Assignment:
Exact copy, no pictures: return all the records as they stand.

Data provided:
·····

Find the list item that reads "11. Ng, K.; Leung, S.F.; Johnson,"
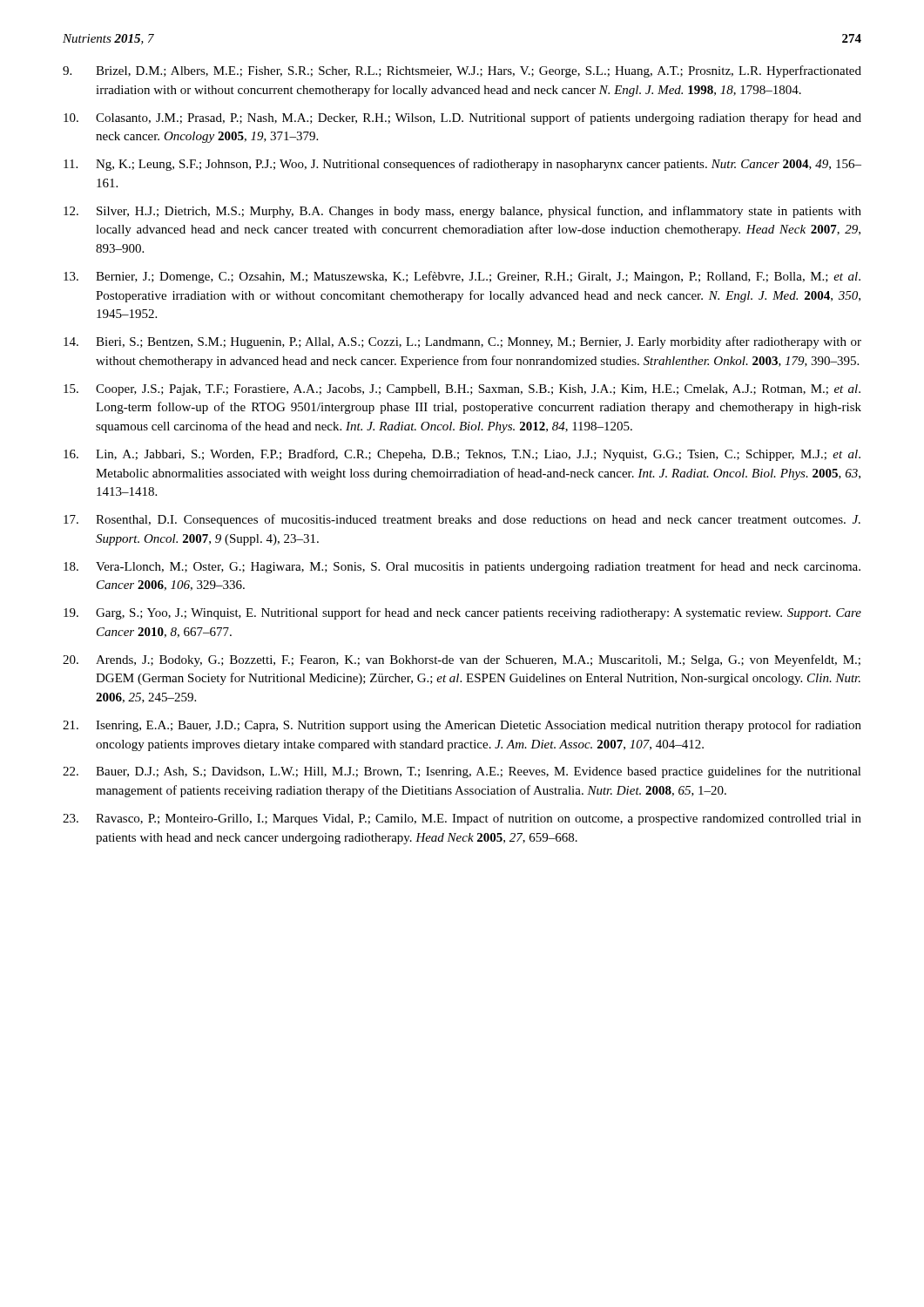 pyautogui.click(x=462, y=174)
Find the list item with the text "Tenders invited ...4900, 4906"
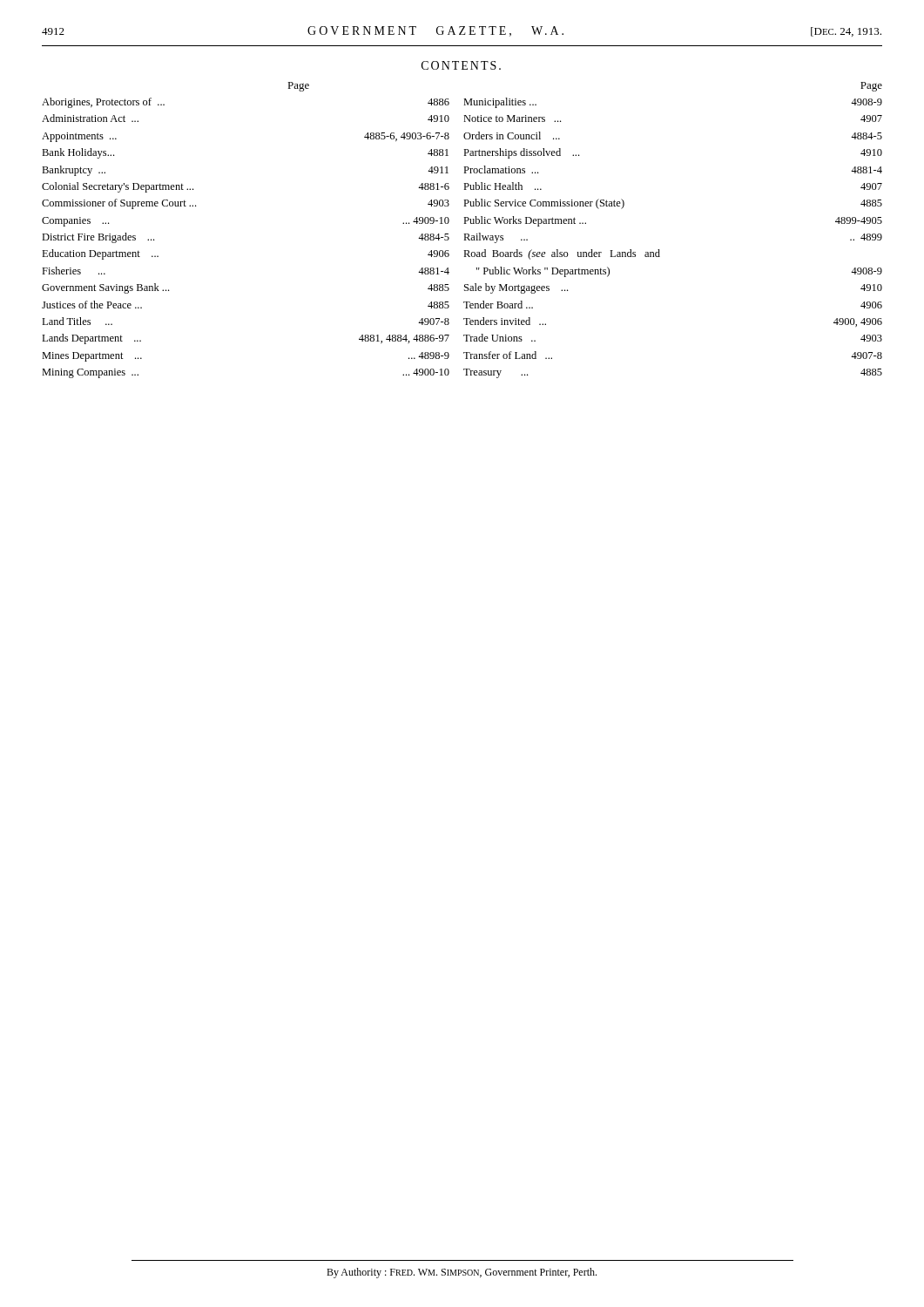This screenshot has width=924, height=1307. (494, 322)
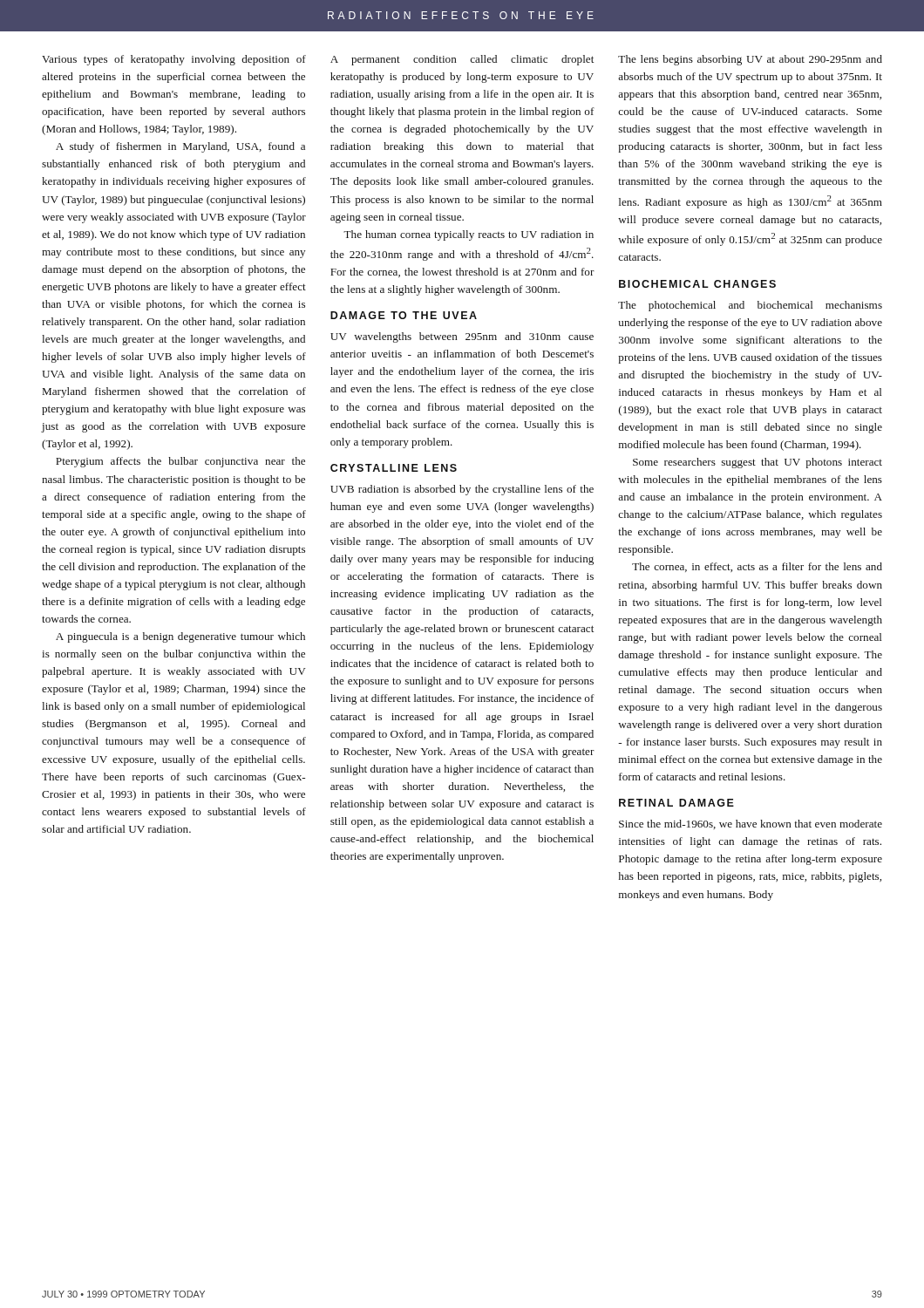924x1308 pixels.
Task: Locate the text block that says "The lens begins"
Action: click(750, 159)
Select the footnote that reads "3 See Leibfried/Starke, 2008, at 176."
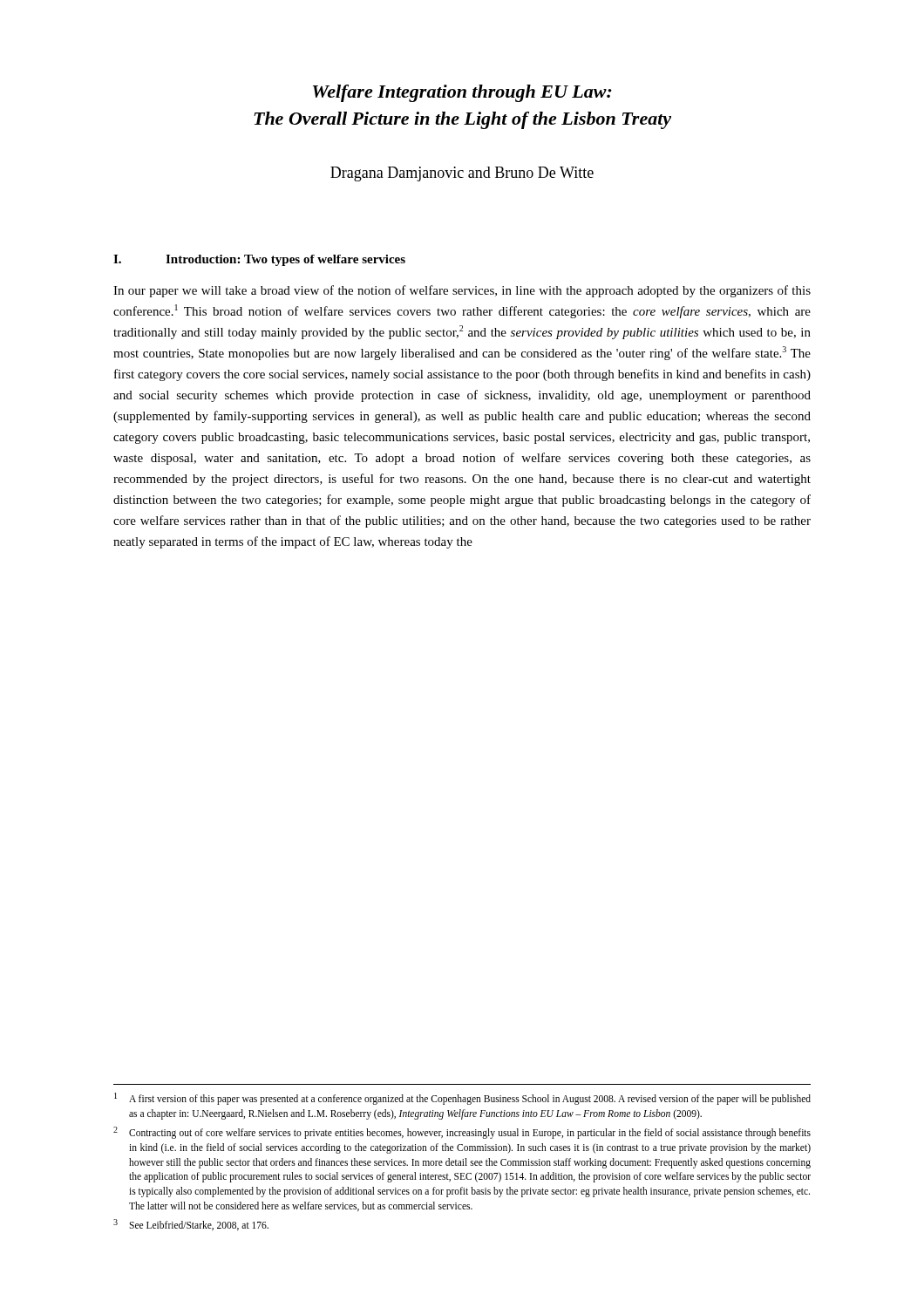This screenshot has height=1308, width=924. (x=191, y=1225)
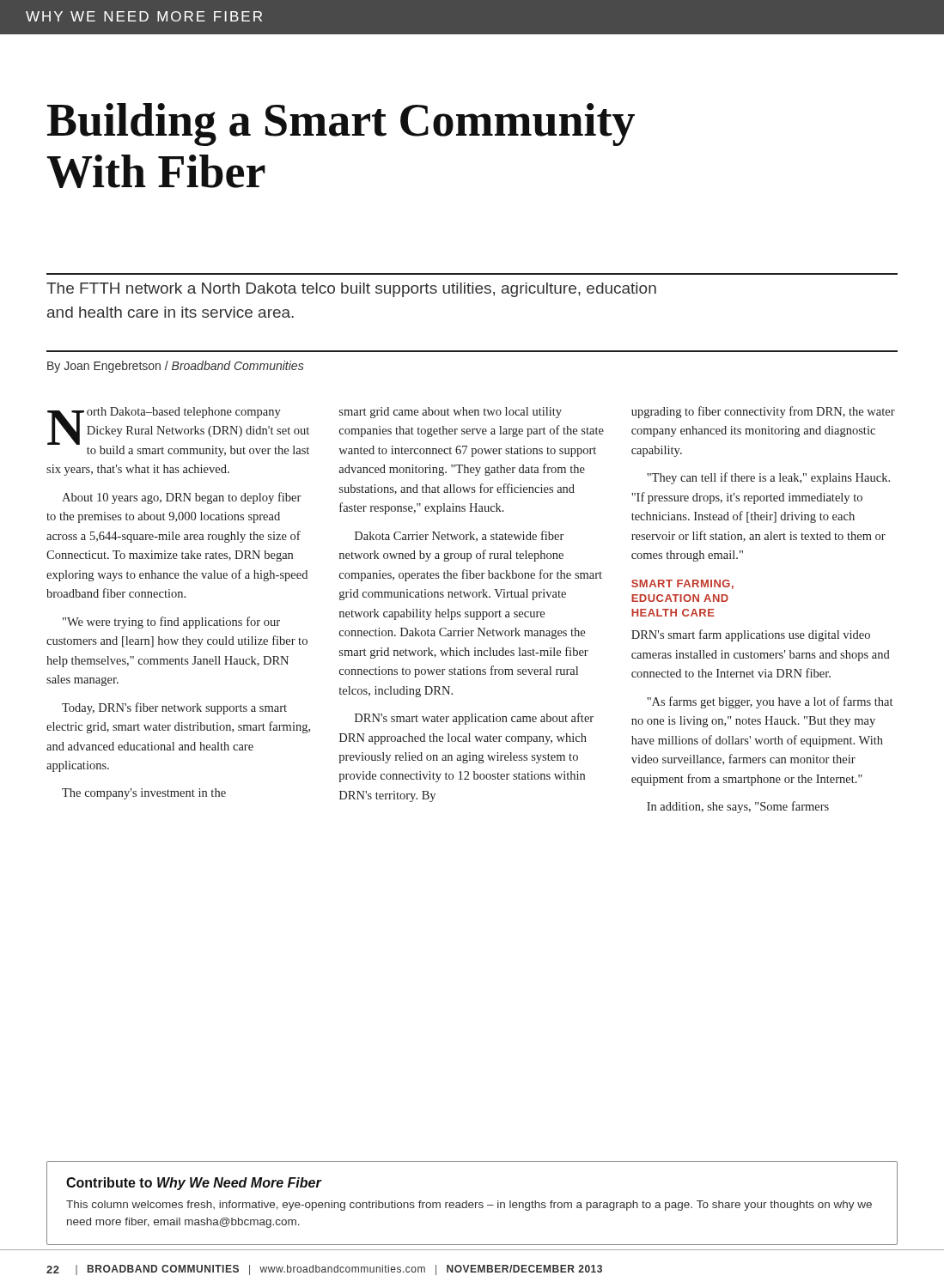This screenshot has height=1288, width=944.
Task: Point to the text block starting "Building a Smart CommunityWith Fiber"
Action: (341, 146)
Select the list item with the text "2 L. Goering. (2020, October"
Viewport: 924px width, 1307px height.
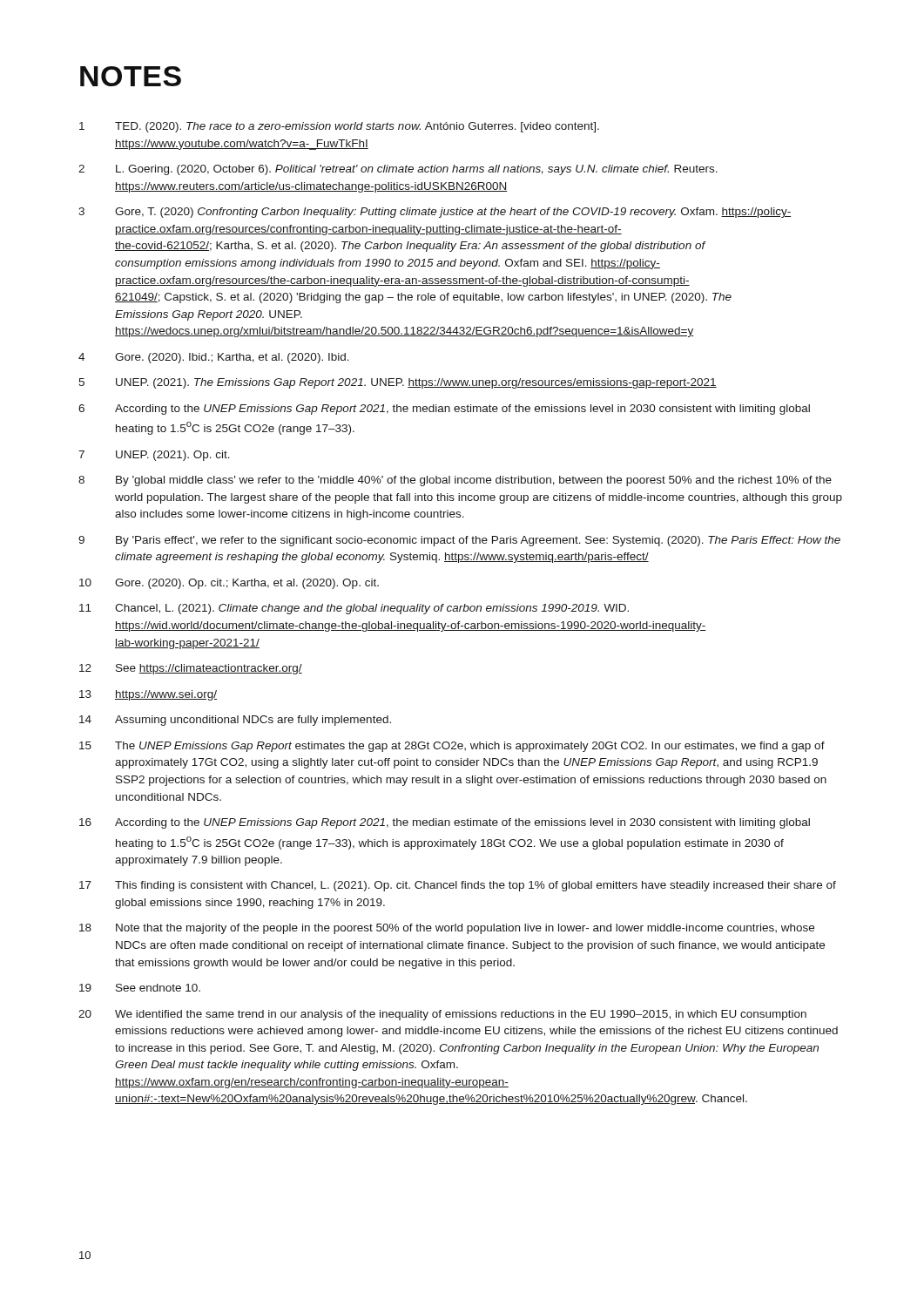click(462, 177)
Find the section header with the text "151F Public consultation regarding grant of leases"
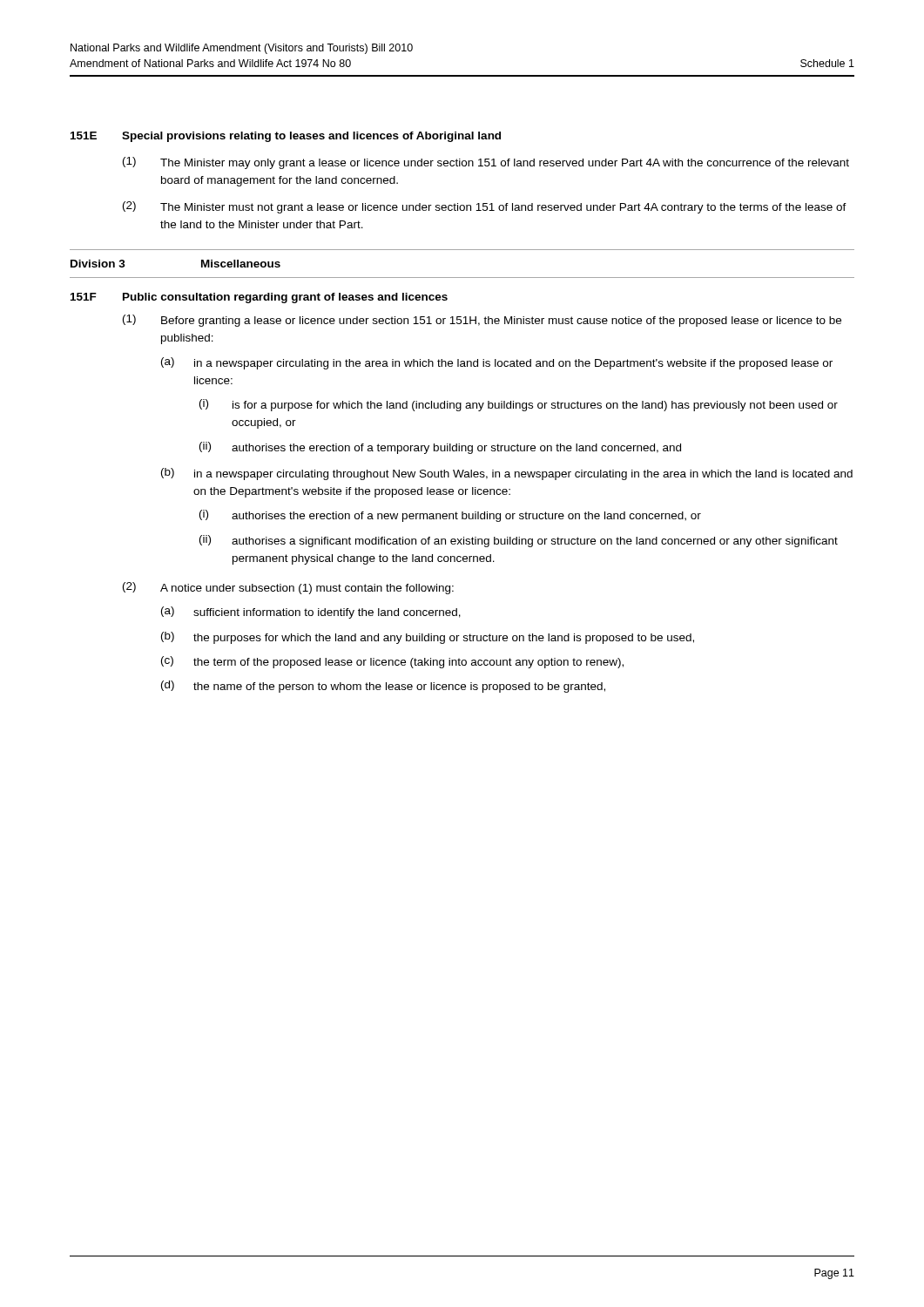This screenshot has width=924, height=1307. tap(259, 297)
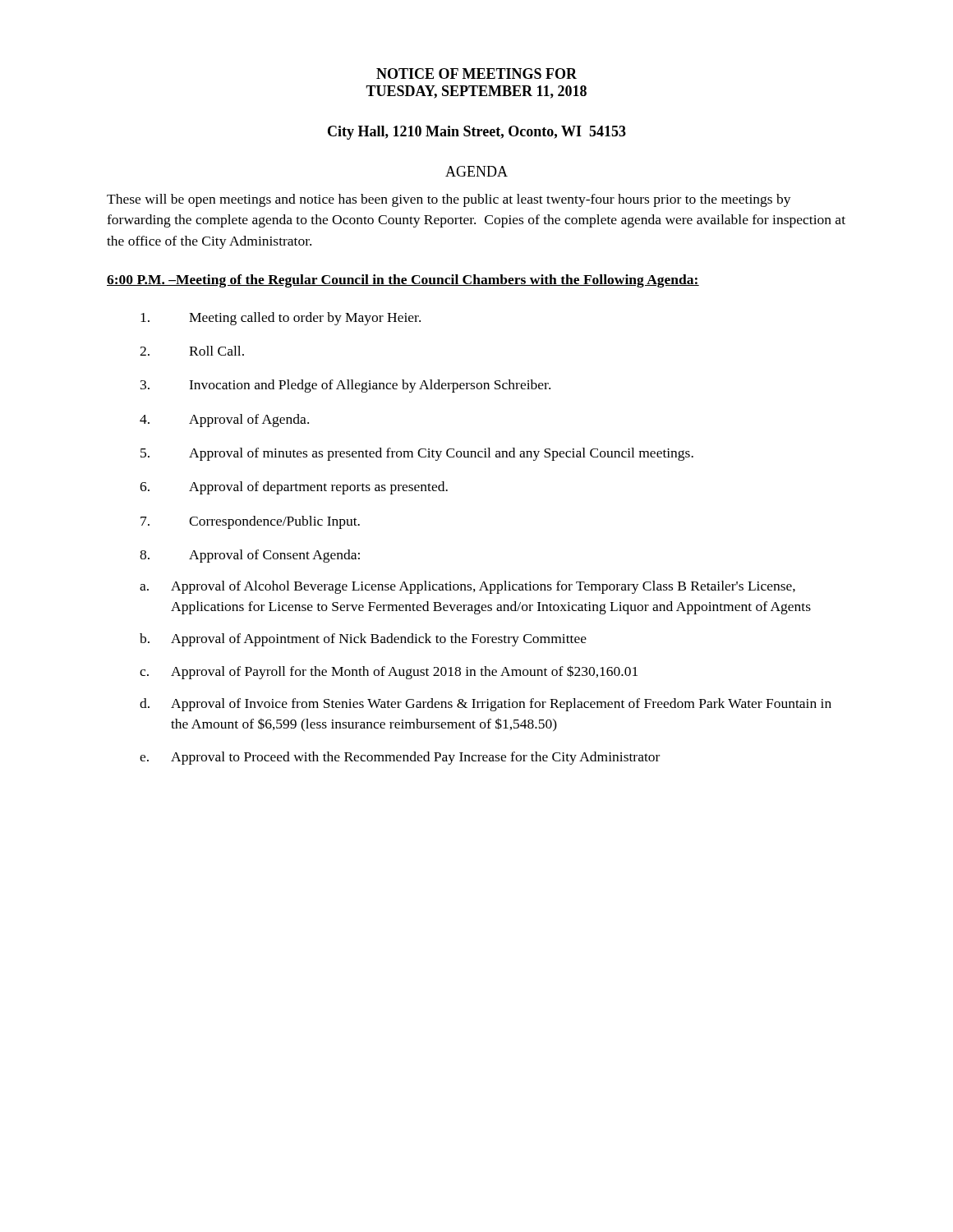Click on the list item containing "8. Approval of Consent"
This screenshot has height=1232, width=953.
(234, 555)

·····

Result below:
Find the list item that reads "11. Ng, K.; Leung, S.F.; Johnson,"
 pyautogui.click(x=462, y=174)
Find the list item with the text "Tenders invited ...4900, 4906"
This screenshot has width=924, height=1307. (494, 322)
924x1308 pixels.
Task: Locate the text block that says "The lens begins"
Action: click(750, 159)
Select the footnote that reads "3 See Leibfried/Starke, 2008, at 176."
This screenshot has height=1308, width=924. (x=191, y=1225)
This screenshot has height=1288, width=944.
Task: Point to the text block starting "Building a Smart CommunityWith Fiber"
Action: (341, 146)
Select the list item with the text "2 L. Goering. (2020, October"
Viewport: 924px width, 1307px height.
click(462, 177)
Find the section header with the text "151F Public consultation regarding grant of leases"
This screenshot has width=924, height=1307. tap(259, 297)
Click on the list item containing "8. Approval of Consent"
This screenshot has height=1232, width=953.
(234, 555)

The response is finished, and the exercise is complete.